What made Albert run
- Mad Travellers: Reflections on the Reality of Transient Mental Illnesses by Ian Hacking
Free Association, 239 pp, £15.95, April 1999, ISBN 1 85343 455 8
You wake up one morning, the whole world is grey, you have had enough of your cold, colourless life. You want to drop everything, escape, far away, where life is real. Who has not had this dream from time to time? Nothing could be more normal. The desire to escape, to travel, is deeply rooted in everyone, from the young runaway to the tourist, from the beatnik to the Sunday hiker. But suppose now that this desire to flee becomes an obsession, a truly irresistible compulsion. Suppose further that it all happens in a state of absence and you cannot remember any of it: you arrive somewhere, dazed, without the slightest idea of what happened in the interval. Obviously, you have become a pathological runaway, a mad traveller, fit for the asylum and for therapy.

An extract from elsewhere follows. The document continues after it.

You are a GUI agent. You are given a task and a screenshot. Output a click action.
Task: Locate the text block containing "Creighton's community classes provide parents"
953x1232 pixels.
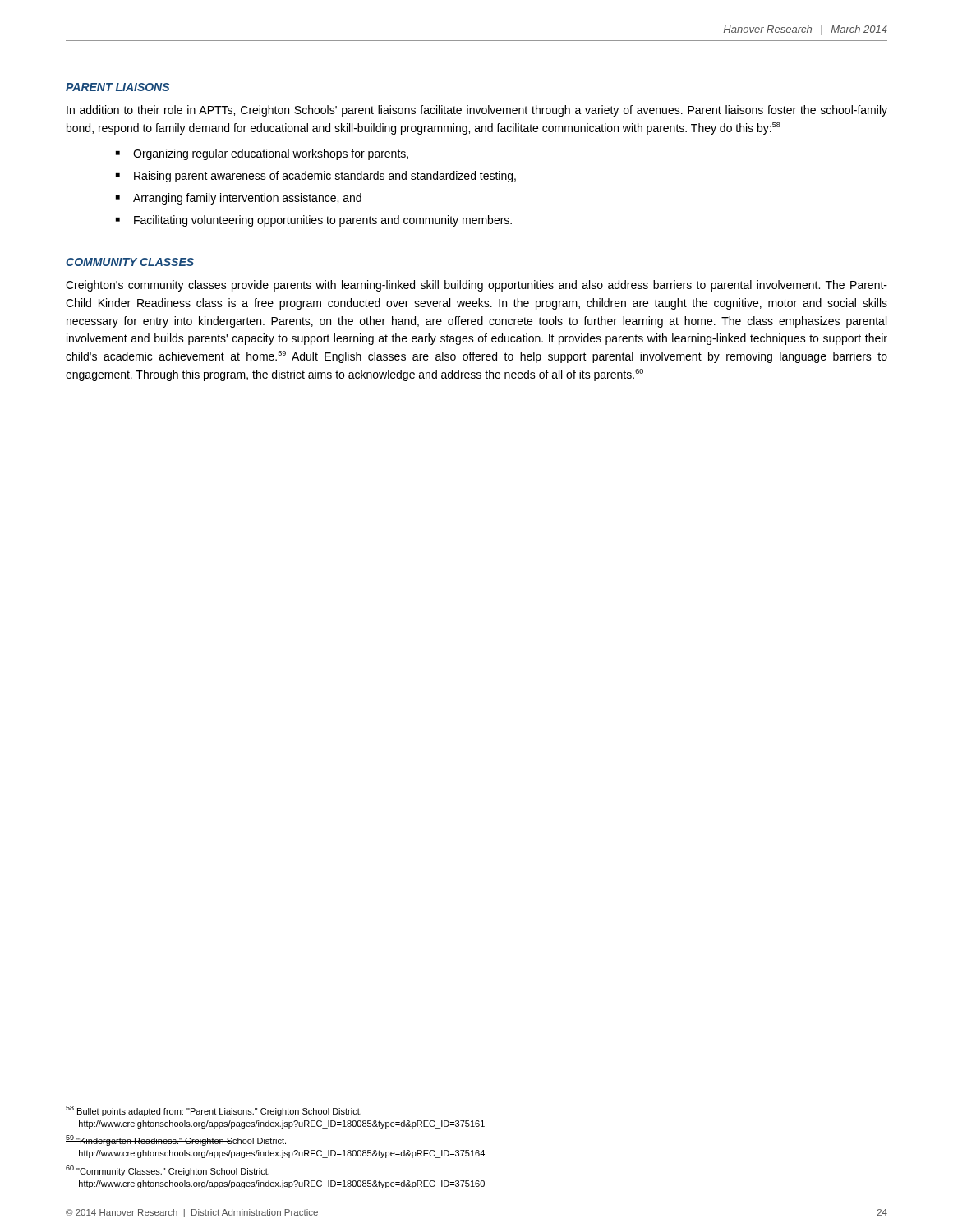476,330

So how do you get from normal escapist desire to mad travelling? What is the difference between these two, almost identical impulses? How did you become mentally ill? Besides, are you really ill? Ian Hacking has written a wonderful philosophical fable about these and several other equally fascinating questions. Its moral is simple, if somewhat untimely: what we call ‘mental illness’ is not a permanent, intangible reality. For it to develop, it needs a hospitable environment, what Hacking compares to an ecological niche. Without a facilitating environment, mental illness languishes, wastes away, disappears, or emigrates somewhere more propitious. You who dream of dropping everything, for example, there is almost no chance of your becoming a pathological fugueur. Our modern psychiatric bibles may still make room for the diagnosis of ‘dissociative fugue’, but there is no longer, in late 20th-century Europe, any ground on which that illness could truly thrive. A century ago it was different. Hacking is more precise (or peremptory): fugue, he claims, became an illness in 1887 with the publication of Philippe Tissié’s Les Aliénés Voyageurs, and it began to wane after the 1909 congress of alienists and neurologists in Nantes.

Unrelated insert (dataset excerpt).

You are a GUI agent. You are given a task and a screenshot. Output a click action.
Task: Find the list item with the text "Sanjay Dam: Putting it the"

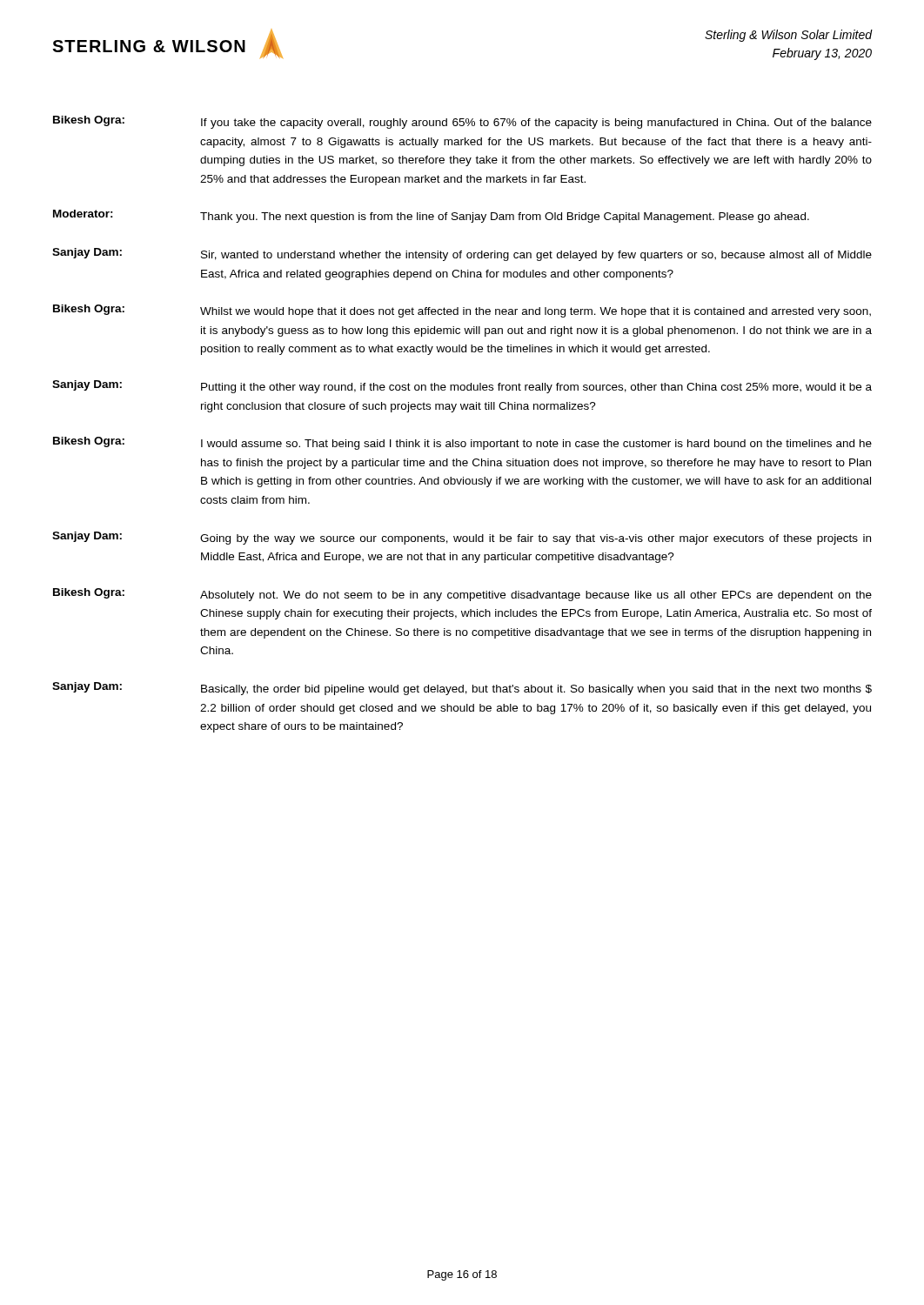462,396

Hacking even gives us the name of the first pathological fugueur: Jean-Albert Dadas, an employee in a gas equipment company in the Bordeaux region. Tissié spotted him in 1886 at the Hôpital Saint-André in Bordeaux:
He had just come from a long journey on foot and was exhausted, but that was not the cause of his tears. He wept because he could not prevent himself from departing on a trip when the need took him; he deserted family, work and daily life to walk as fast as he could, straight ahead, sometimes doing 70 kilometres a day on foot, until in the end he would be arrested for vagrancy and thrown in prison.

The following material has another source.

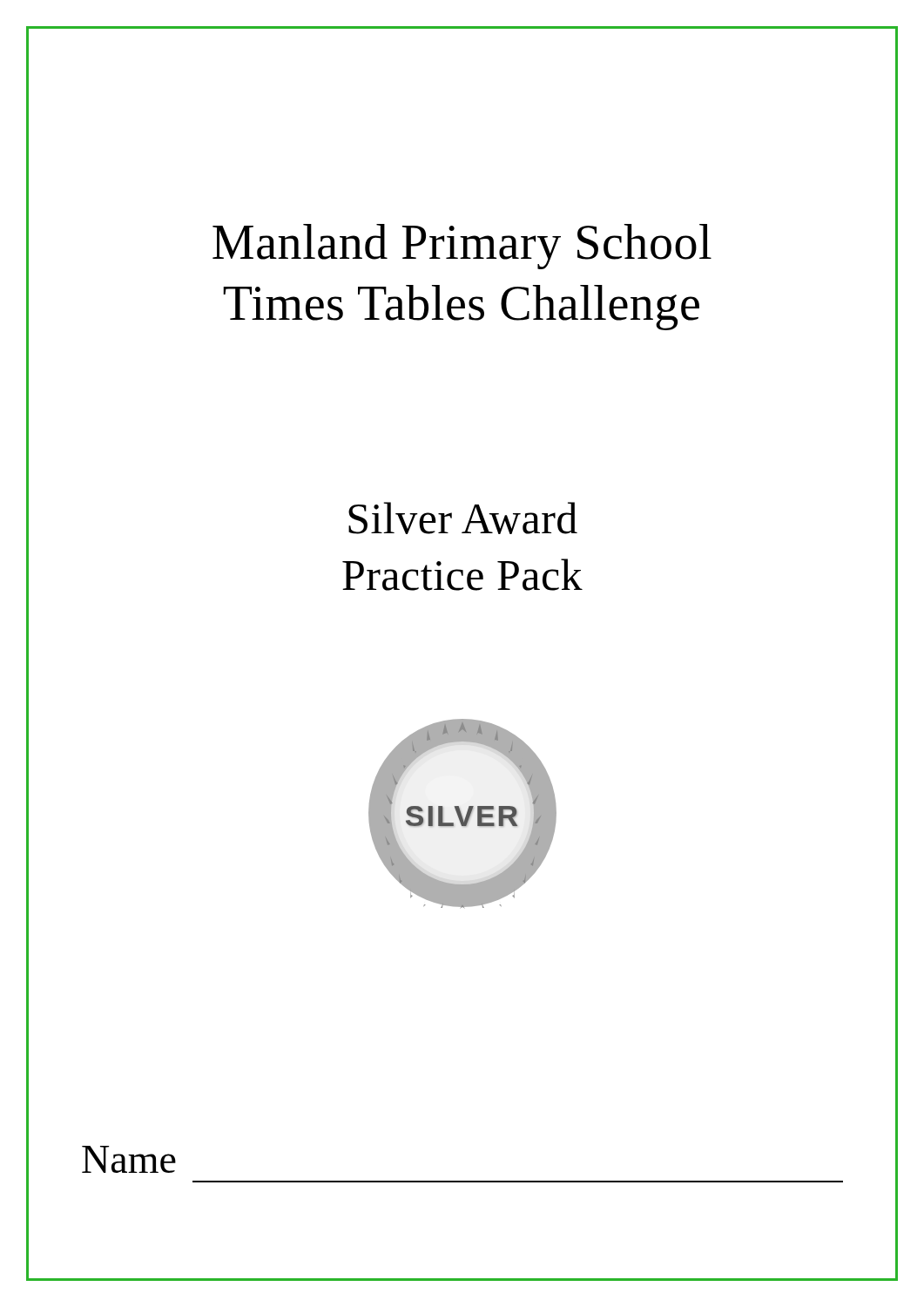
Task: Click on the text containing "Silver Award Practice Pack"
Action: [462, 547]

This strange compulsion had seized him for the first time when he was 12. He had suddenly disappeared from the gas factory where he was an apprentice, and when his brother found him in a nearby town, he had seemed to awaken from a dream, astonished to find himself there. As a rule, his attacks were preceded by migraines, insomnia and sessions of intense masturbation. Dadas would then take to the road and walk, walk, till he found himself in some place that he had heard about: Paris, Marseille, Algiers, Frankfurt, Vienna, Moscow, Constantinople (Hacking provides us with a map of his impressive peregrinations across Europe). Dadas never remembered much, but Tissié quickly realised – this was 1886, the golden age of hypnotism – that you only needed to put him under hypnosis to have him recollect the sometimes picaresque details of his travels. Tissié also had photographs taken of Dadas, in which we see him in his different states: normal (perky, smiling at us); at the end of an attack (groggy, stupid); under hypnosis (asleep, eyes closed).